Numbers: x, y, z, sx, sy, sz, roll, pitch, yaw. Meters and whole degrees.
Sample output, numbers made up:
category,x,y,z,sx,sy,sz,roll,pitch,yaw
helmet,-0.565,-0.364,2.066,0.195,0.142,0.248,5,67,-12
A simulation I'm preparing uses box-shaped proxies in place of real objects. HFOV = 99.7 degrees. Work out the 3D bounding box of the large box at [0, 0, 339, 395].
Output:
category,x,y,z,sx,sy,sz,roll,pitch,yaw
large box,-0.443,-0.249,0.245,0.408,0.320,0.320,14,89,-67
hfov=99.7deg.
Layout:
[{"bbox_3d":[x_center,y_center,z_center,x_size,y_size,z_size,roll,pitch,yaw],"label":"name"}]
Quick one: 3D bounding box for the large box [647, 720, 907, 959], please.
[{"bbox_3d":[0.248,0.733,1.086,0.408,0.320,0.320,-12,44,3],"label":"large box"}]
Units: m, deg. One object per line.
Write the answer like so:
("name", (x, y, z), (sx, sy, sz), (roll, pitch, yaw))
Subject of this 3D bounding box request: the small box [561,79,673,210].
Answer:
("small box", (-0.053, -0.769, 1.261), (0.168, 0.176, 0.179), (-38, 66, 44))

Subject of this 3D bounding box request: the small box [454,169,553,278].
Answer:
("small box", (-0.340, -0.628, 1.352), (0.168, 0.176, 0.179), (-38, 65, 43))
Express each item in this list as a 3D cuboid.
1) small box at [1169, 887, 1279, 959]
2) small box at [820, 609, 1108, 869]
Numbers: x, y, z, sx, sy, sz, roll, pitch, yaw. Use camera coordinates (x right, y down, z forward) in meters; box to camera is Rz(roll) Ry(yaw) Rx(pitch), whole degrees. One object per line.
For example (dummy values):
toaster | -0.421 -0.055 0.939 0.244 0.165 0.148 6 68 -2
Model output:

______________________________

■ Work to complete ■
For this exercise, restate each of the entries without any deviation.

■ Response ■
Numbers: x, y, z, sx, sy, sz, roll, pitch, yaw. Meters and whole degrees.
Sample output, numbers made up:
category,x,y,z,sx,sy,sz,roll,pitch,yaw
helmet,-0.565,-0.364,2.066,0.195,0.142,0.248,5,67,-12
A simulation I'm preparing uses box-shaped proxies in place of real objects. HFOV = 99.7 degrees. Work out the 3D bounding box of the large box at [0, 0, 339, 395].
Output:
category,x,y,z,sx,sy,sz,roll,pitch,yaw
large box,-0.443,-0.249,0.245,0.408,0.320,0.320,14,89,-67
hfov=99.7deg.
Layout:
[{"bbox_3d":[x_center,y_center,z_center,x_size,y_size,z_size,roll,pitch,yaw],"label":"name"}]
Quick one: 3D bounding box for the large box [647, 720, 907, 959], please.
[{"bbox_3d":[0.248,0.733,1.086,0.408,0.320,0.320,-12,44,3],"label":"large box"}]
Units: m, deg. One object per line.
Write the answer like so:
("name", (x, y, z), (sx, sy, sz), (roll, pitch, yaw))
Subject of this 3D bounding box request: the small box [561,79,673,210].
Answer:
("small box", (-0.053, -0.769, 1.261), (0.168, 0.176, 0.179), (-38, 66, 44))

Subject of this 3D bounding box request: the small box [454,169,553,278].
Answer:
("small box", (-0.340, -0.628, 1.352), (0.168, 0.176, 0.179), (-38, 65, 43))
Express each item in this list as a 3D cuboid.
1) small box at [1169, 887, 1279, 959]
2) small box at [820, 609, 1108, 869]
Numbers: x, y, z, sx, sy, sz, roll, pitch, yaw. Use camera coordinates (x right, y down, z forward) in meters; box to camera is Rz(roll) Ry(yaw) Rx(pitch), whole degrees. One object per line.
For example (dummy values):
toaster | -0.421 -0.055 0.939 0.244 0.165 0.148 6 68 -2
Model output:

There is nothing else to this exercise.